• [AIM OF THE TASK] A word-for-word copy of the records is needed, with every picture left out.

[Dataset entries]
--------------------------------------------------

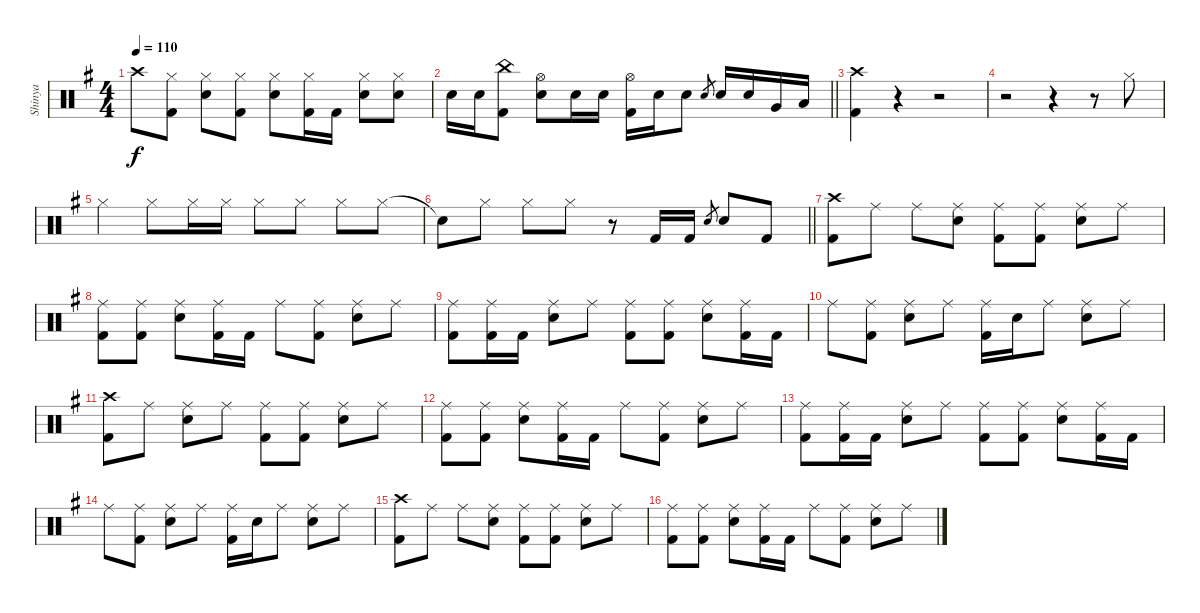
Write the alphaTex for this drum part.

\track ("Shinya" "Shinya") {instrument percussion}
\staff {score}
\articulation defaults
\ts (4 4)
\tempo 110
\clef neutral
\ks g "Crash high (hit)".8{dy f}
("Hi-Hat (closed)" "Kick (hit) 2").8 ("Hi-Hat (closed)" "Electric Snare (hit)").8 ("Hi-Hat (closed)" "Kick (hit) 2").8 ("Hi-Hat (closed)" "Electric Snare (hit)").8 ("Hi-Hat (closed)" "Kick (hit) 2").16 "Kick (hit) 2".16 ("Hi-Hat (closed)" "Electric Snare (hit)").8 ("Hi-Hat (closed)" "Hand Clap (hit)").8 |
\barLineRight lightlight "Electric Snare (hit)".16 "Electric Snare (hit)".16
("China (hit)" "Kick (hit) 2").8 ("Hi-Hat (open)" "Electric Snare (hit)").8 "Electric Snare (hit)".16 "Electric Snare (hit)".16 ("Hi-Hat (open)" "Kick (hit) 2").16 "Electric Snare (hit)".16 "Electric Snare (hit)".8 "Electric Snare (hit)".8{gr} "Electric Snare (hit)".16 "Electric Snare (hit)".16 "Very Low Tom (hit)".16 "Low Floor Tom (hit)".16 |
("Crash high (hit)" "Kick (hit) 2").4 r.4 r.2 |
r.2 r.4 r.8 "Hi-Hat (closed)".8 |
"Hi-Hat (closed)".4 "Hi-Hat (closed)".8 "Hi-Hat (closed)".16 "Hi-Hat (closed)".16 "Hi-Hat (closed)".8 "Hi-Hat (closed)".8 "Hi-Hat (closed)".8 "Hi-Hat (closed)".8 |
\barLineRight lightlight "Snare (hit)"{t}.8 "Hi-Hat (closed)".8 "Hi-Hat (closed)".8 "Hi-Hat (closed)".8
r.8 "Kick (hit) 2".16 "Kick (hit) 2".16 "Electric Snare (hit)".8{gr} "Electric Snare (hit)".8 "Kick (hit) 2".8 |
("Crash high (hit)" "Kick (hit) 2").8{volume 8} "Ride (middle)".8 "Ride (middle)".8 ("Ride (middle)" "Electric Snare (hit)").8 ("Ride (middle)" "Kick (hit) 2").8 ("Ride (middle)" "Kick (hit) 2").8 ("Ride (middle)" "Electric Snare (hit)").8 "Ride (middle)".8 |
("Ride (middle)" "Kick (hit) 2").8 ("Ride (middle)" "Kick (hit) 2").8 ("Ride (middle)" "Electric Snare (hit)").8 ("Ride (middle)" "Kick (hit) 2").16 "Kick (hit) 2".16 "Ride (middle)".8 ("Ride (middle)" "Kick (hit) 2").8 ("Ride (middle)" "Electric Snare (hit)").8 "Ride (middle)".8 |
("Ride (middle)" "Kick (hit) 2").8 ("Ride (middle)" "Kick (hit) 2").16 "Kick (hit) 2".16 ("Ride (middle)" "Electric Snare (hit)").8 "Ride (middle)".8 ("Ride (middle)" "Kick (hit) 2").8 ("Ride (middle)" "Kick (hit) 2").8 ("Ride (middle)" "Electric Snare (hit)").8 ("Ride (middle)" "Kick (hit) 2").16 "Kick (hit) 2".16 |
"Ride (middle)".8 ("Ride (middle)" "Kick (hit) 2").8 ("Ride (middle)" "Electric Snare (hit)").8 "Ride (middle)".8 ("Ride (middle)" "Kick (hit) 2").16 "Electric Snare (hit)".16 "Ride (middle)".8 ("Ride (middle)" "Electric Snare (hit)").8 "Ride (middle)".8 |
("Crash high (hit)" "Kick (hit) 2").8 "Ride (middle)".8 ("Ride (middle)" "Electric Snare (hit)").8 "Ride (middle)".8 ("Ride (middle)" "Kick (hit) 2").8 ("Ride (middle)" "Kick (hit) 2").8 ("Ride (middle)" "Electric Snare (hit)").8 "Ride (middle)".8 |
("Ride (middle)" "Kick (hit) 2").8 ("Ride (middle)" "Kick (hit) 2").8 ("Ride (middle)" "Electric Snare (hit)").8 ("Ride (middle)" "Kick (hit) 2").16 "Kick (hit) 2".16 "Ride (middle)".8 ("Ride (middle)" "Kick (hit) 2").8 ("Ride (middle)" "Electric Snare (hit)").8 "Ride (middle)".8 |
("Ride (middle)" "Kick (hit) 2").8 ("Ride (middle)" "Kick (hit) 2").16 "Kick (hit) 2".16 ("Ride (middle)" "Electric Snare (hit)").8 "Ride (middle)".8 ("Ride (middle)" "Kick (hit) 2").8 ("Ride (middle)" "Kick (hit) 2").8 ("Ride (middle)" "Electric Snare (hit)").8 ("Ride (middle)" "Kick (hit) 2").16 "Kick (hit) 2".16 |
"Ride (middle)".8 ("Ride (middle)" "Kick (hit) 2").8 ("Ride (middle)" "Electric Snare (hit)").8 "Ride (middle)".8 ("Ride (middle)" "Kick (hit) 2").16 "Electric Snare (hit)".16 "Ride (middle)".8 ("Ride (middle)" "Electric Snare (hit)").8 "Ride (middle)".8 |
("Crash high (hit)" "Kick (hit) 2").8 "Ride (middle)".8 "Ride (middle)".8 ("Ride (middle)" "Electric Snare (hit)").8 ("Ride (middle)" "Kick (hit) 2").8 ("Ride (middle)" "Kick (hit) 2").8 ("Ride (middle)" "Electric Snare (hit)").8 "Ride (middle)".8 |
("Ride (middle)" "Kick (hit) 2").8 ("Ride (middle)" "Kick (hit) 2").8 ("Ride (middle)" "Electric Snare (hit)").8 ("Ride (middle)" "Kick (hit) 2").16 "Kick (hit) 2".16 "Ride (middle)".8 ("Ride (middle)" "Kick (hit) 2").8 ("Ride (middle)" "Electric Snare (hit)").8 "Ride (middle)".8

--------------------------------------------------

• [RESPONSE BOX]
Write the alphaTex for this drum part.

\track ("Shinya" "Shinya") {instrument percussion}
\staff {score}
\articulation defaults
\ts (4 4)
\tempo 110
\clef neutral
\ks g "Crash high (hit)".8{dy f}
("Hi-Hat (closed)" "Kick (hit) 2").8 ("Hi-Hat (closed)" "Electric Snare (hit)").8 ("Hi-Hat (closed)" "Kick (hit) 2").8 ("Hi-Hat (closed)" "Electric Snare (hit)").8 ("Hi-Hat (closed)" "Kick (hit) 2").16 "Kick (hit) 2".16 ("Hi-Hat (closed)" "Electric Snare (hit)").8 ("Hi-Hat (closed)" "Hand Clap (hit)").8 |
\barLineRight lightlight "Electric Snare (hit)".16 "Electric Snare (hit)".16
("China (hit)" "Kick (hit) 2").8 ("Hi-Hat (open)" "Electric Snare (hit)").8 "Electric Snare (hit)".16 "Electric Snare (hit)".16 ("Hi-Hat (open)" "Kick (hit) 2").16 "Electric Snare (hit)".16 "Electric Snare (hit)".8 "Electric Snare (hit)".8{gr} "Electric Snare (hit)".16 "Electric Snare (hit)".16 "Very Low Tom (hit)".16 "Low Floor Tom (hit)".16 |
("Crash high (hit)" "Kick (hit) 2").4 r.4 r.2 |
r.2 r.4 r.8 "Hi-Hat (closed)".8 |
"Hi-Hat (closed)".4 "Hi-Hat (closed)".8 "Hi-Hat (closed)".16 "Hi-Hat (closed)".16 "Hi-Hat (closed)".8 "Hi-Hat (closed)".8 "Hi-Hat (closed)".8 "Hi-Hat (closed)".8 |
\barLineRight lightlight "Snare (hit)"{t}.8 "Hi-Hat (closed)".8 "Hi-Hat (closed)".8 "Hi-Hat (closed)".8
r.8 "Kick (hit) 2".16 "Kick (hit) 2".16 "Electric Snare (hit)".8{gr} "Electric Snare (hit)".8 "Kick (hit) 2".8 |
("Crash high (hit)" "Kick (hit) 2").8{volume 8} "Ride (middle)".8 "Ride (middle)".8 ("Ride (middle)" "Electric Snare (hit)").8 ("Ride (middle)" "Kick (hit) 2").8 ("Ride (middle)" "Kick (hit) 2").8 ("Ride (middle)" "Electric Snare (hit)").8 "Ride (middle)".8 |
("Ride (middle)" "Kick (hit) 2").8 ("Ride (middle)" "Kick (hit) 2").8 ("Ride (middle)" "Electric Snare (hit)").8 ("Ride (middle)" "Kick (hit) 2").16 "Kick (hit) 2".16 "Ride (middle)".8 ("Ride (middle)" "Kick (hit) 2").8 ("Ride (middle)" "Electric Snare (hit)").8 "Ride (middle)".8 |
("Ride (middle)" "Kick (hit) 2").8 ("Ride (middle)" "Kick (hit) 2").16 "Kick (hit) 2".16 ("Ride (middle)" "Electric Snare (hit)").8 "Ride (middle)".8 ("Ride (middle)" "Kick (hit) 2").8 ("Ride (middle)" "Kick (hit) 2").8 ("Ride (middle)" "Electric Snare (hit)").8 ("Ride (middle)" "Kick (hit) 2").16 "Kick (hit) 2".16 |
"Ride (middle)".8 ("Ride (middle)" "Kick (hit) 2").8 ("Ride (middle)" "Electric Snare (hit)").8 "Ride (middle)".8 ("Ride (middle)" "Kick (hit) 2").16 "Electric Snare (hit)".16 "Ride (middle)".8 ("Ride (middle)" "Electric Snare (hit)").8 "Ride (middle)".8 |
("Crash high (hit)" "Kick (hit) 2").8 "Ride (middle)".8 ("Ride (middle)" "Electric Snare (hit)").8 "Ride (middle)".8 ("Ride (middle)" "Kick (hit) 2").8 ("Ride (middle)" "Kick (hit) 2").8 ("Ride (middle)" "Electric Snare (hit)").8 "Ride (middle)".8 |
("Ride (middle)" "Kick (hit) 2").8 ("Ride (middle)" "Kick (hit) 2").8 ("Ride (middle)" "Electric Snare (hit)").8 ("Ride (middle)" "Kick (hit) 2").16 "Kick (hit) 2".16 "Ride (middle)".8 ("Ride (middle)" "Kick (hit) 2").8 ("Ride (middle)" "Electric Snare (hit)").8 "Ride (middle)".8 |
("Ride (middle)" "Kick (hit) 2").8 ("Ride (middle)" "Kick (hit) 2").16 "Kick (hit) 2".16 ("Ride (middle)" "Electric Snare (hit)").8 "Ride (middle)".8 ("Ride (middle)" "Kick (hit) 2").8 ("Ride (middle)" "Kick (hit) 2").8 ("Ride (middle)" "Electric Snare (hit)").8 ("Ride (middle)" "Kick (hit) 2").16 "Kick (hit) 2".16 |
"Ride (middle)".8 ("Ride (middle)" "Kick (hit) 2").8 ("Ride (middle)" "Electric Snare (hit)").8 "Ride (middle)".8 ("Ride (middle)" "Kick (hit) 2").16 "Electric Snare (hit)".16 "Ride (middle)".8 ("Ride (middle)" "Electric Snare (hit)").8 "Ride (middle)".8 |
("Crash high (hit)" "Kick (hit) 2").8 "Ride (middle)".8 "Ride (middle)".8 ("Ride (middle)" "Electric Snare (hit)").8 ("Ride (middle)" "Kick (hit) 2").8 ("Ride (middle)" "Kick (hit) 2").8 ("Ride (middle)" "Electric Snare (hit)").8 "Ride (middle)".8 |
("Ride (middle)" "Kick (hit) 2").8 ("Ride (middle)" "Kick (hit) 2").8 ("Ride (middle)" "Electric Snare (hit)").8 ("Ride (middle)" "Kick (hit) 2").16 "Kick (hit) 2".16 "Ride (middle)".8 ("Ride (middle)" "Kick (hit) 2").8 ("Ride (middle)" "Electric Snare (hit)").8 "Ride (middle)".8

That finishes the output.